Я подошла к двери в дальней стене, мушкет и клинок наверху указывали мне путь.
– Иви, постой. – Анна передала младенца Питеру.
– Нет, Анна, не на этот раз.
– Иви, я могу помочь.
– Нет. Это мое дело. Я должна пойти одна.
Ее глаза светились, она покачала головой. Дорогая моя подруга.
– Клянусь тебе, Анна, я вернусь, обещаю…
Я осеклась. Я сказала это слово сестре, которая доверяла мне. И матери. Обеим я обещала. Обеим я солгала.
Поэтому я не сказала больше ничего. Подняла холодный засов. Посмотрела на их лица в последний раз. Потом повернулась и вышла в ночь.
23
Ночной воздух обдавал прохладой мое лицо, пока я стояла, прислушиваясь.
Ни толпы. Ни визжащих детей. Ни цокающих копытами лошадей. Ничто не шевелилось, кроме эха воспоминаний в моей голове. Дилл, рыдающая, умоляющая меня не оставлять ее,
Сжав зубы до скрипа, я передвигалась от двери до двери, спиной к стене. Внутри одного из домов ревел смех. Таверна – пьяницы в открытом море, плывут долгую ночь. Я пошла дальше. Огоньки за ставнями спящих домов освещали мне путь. Но я не видела никакой площади.
Я вспомнила свою первую охоту с матерью. Я так переволновалась, боясь не поймать добычу, опозорить ее. Тогда она притянула мою голову к своей.
И я вдохнула. Глубоко и медленно.
И, словно ее дыхание на своей щеке, я ощутила порывы ветра, который подхватывал соломинки с земли, и они танцевали, как маленькие старички, спотыкаясь и падая.
Итак, я последовала за этими кружащимися соломенными человечками по улице, туда, где она изгибалась и становилась шире, представляя моему взору прилавки торговых рядов. Ветер стих, соломенные человечки остановились. Площадь была тихой. Ждала.
– Спасибо, мама. – Я стала красться дальше.
Рынок променяли на постель. Прилавки и ящики были брошены, как лодки на пустом берегу. Но, двинувшись дальше, я заметила мерцание фонаря.
Я присела на корточки у какого-то прилавка, вслушиваясь, ощупывая грубую деревянную поверхность пальцами. Ни единого звука.
Прошла мимо лохани с водой, вдохнула запах коровы и навоза. Что-то шевелилось в свете фонаря.
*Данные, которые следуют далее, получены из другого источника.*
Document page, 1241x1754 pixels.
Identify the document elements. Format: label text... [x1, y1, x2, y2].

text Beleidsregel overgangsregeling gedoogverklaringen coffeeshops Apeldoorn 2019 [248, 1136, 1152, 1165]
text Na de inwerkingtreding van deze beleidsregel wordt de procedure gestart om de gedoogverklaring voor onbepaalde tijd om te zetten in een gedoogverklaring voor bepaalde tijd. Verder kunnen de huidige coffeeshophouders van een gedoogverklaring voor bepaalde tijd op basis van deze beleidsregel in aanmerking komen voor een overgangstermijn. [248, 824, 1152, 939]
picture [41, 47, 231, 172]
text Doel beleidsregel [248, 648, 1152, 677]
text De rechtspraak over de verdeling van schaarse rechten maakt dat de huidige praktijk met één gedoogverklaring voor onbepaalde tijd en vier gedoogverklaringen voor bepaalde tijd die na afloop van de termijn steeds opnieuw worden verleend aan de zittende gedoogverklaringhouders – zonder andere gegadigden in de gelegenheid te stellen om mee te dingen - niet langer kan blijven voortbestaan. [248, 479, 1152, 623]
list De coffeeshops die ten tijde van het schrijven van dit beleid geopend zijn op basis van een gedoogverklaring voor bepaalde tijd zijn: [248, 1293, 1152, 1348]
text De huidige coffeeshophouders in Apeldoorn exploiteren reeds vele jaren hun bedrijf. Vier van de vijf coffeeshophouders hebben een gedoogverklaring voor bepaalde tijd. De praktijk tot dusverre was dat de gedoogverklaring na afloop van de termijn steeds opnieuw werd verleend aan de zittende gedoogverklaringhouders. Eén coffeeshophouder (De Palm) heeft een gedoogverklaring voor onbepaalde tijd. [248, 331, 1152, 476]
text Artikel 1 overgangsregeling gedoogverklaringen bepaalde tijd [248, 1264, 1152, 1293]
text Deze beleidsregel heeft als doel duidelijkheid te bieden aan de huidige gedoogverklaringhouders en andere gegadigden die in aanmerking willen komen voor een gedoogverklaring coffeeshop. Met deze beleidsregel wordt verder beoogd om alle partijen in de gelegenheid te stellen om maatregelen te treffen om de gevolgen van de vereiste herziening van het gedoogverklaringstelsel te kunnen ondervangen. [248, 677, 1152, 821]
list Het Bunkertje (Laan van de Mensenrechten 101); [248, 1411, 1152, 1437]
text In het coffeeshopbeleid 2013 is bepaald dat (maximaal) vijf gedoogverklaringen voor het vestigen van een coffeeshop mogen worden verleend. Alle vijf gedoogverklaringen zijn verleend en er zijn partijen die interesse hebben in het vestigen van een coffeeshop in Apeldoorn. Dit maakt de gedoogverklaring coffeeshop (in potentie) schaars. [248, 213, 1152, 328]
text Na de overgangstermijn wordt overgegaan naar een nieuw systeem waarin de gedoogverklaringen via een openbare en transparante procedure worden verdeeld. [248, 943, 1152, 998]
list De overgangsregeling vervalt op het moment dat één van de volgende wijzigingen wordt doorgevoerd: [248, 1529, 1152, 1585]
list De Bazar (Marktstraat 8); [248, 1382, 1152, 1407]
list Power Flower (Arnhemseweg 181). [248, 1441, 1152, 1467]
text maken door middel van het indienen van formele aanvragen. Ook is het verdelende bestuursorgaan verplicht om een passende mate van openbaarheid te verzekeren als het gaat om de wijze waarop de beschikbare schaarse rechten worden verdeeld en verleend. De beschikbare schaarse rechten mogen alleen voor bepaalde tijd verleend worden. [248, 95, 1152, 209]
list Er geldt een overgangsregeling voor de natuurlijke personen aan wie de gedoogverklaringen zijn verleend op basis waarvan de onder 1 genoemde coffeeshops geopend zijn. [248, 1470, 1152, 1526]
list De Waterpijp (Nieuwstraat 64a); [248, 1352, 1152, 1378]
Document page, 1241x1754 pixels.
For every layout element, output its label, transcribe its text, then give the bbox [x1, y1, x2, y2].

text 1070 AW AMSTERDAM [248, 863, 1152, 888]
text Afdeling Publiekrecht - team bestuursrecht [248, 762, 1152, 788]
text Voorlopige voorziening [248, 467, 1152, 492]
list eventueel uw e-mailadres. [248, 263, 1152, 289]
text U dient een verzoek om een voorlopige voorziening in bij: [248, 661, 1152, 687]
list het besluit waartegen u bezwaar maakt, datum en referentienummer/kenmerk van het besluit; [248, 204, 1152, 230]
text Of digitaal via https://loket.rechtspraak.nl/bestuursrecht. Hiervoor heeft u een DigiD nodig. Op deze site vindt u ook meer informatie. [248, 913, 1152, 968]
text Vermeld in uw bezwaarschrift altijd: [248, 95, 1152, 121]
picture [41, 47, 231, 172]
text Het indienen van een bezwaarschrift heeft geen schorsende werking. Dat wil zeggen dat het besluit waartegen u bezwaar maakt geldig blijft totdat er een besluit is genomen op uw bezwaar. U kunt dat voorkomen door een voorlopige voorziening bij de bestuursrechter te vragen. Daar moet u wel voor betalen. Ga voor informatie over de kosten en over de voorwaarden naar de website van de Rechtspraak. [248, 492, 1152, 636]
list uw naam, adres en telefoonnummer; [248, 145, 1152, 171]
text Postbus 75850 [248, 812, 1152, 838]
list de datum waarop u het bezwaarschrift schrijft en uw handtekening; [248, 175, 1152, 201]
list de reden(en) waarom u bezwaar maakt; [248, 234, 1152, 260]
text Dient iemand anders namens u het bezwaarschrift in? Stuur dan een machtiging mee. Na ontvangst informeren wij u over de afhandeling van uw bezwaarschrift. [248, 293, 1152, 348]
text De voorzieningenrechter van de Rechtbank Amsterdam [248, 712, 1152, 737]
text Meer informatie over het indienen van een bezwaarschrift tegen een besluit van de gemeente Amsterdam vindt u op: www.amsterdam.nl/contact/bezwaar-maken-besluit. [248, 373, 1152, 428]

Я добралась до башни из ящиков и выглянула из-за них. У меня перехватило дыхание.
Рядом с мерцающим фонарем стояла огромная конструкция, сколоченная гвоздями, высокая и крепкая, а под ней – длинная скамья. Вверху, одна рядом с другой, раскачивались семь веревок. А на конце у них, как семь голодных ртов, зияли семь петель.
Мои пальцы впились в ящик, занозы кусали их.
Виселица.
Под моей дрожащей рукой ящик покачнулся. Я видела, как он скользит вбок, но была слишком зла, чтобы этим обеспокоиться.
Он упал с громким треском.
– Ч… что? Кто?..
Из-под помоста выкатилась груда тряпья. Нищий повернул голову и увидел меня.
– Леди?
– Тюрьма, – прошипела я, – в какой стороне? Говори!
Трясущимся пальцем он показал за виселицу, на узкую улочку в темноте.
– Там, – прошептал он, не моргая. – Туда.
Я подошла ближе.
– Как я пойму, что это тюрьма?
– Огни… – Он подыскивал слова. – Над дверью!
И затем он со всех ног пустился в бегство, огибая прилавки и едва не падая, и исчез.
Я не хотела пугать его, но так уж вышло. Во всем виновата была виселица под светом фонаря, которую оставили у всех на виду для пущего страха.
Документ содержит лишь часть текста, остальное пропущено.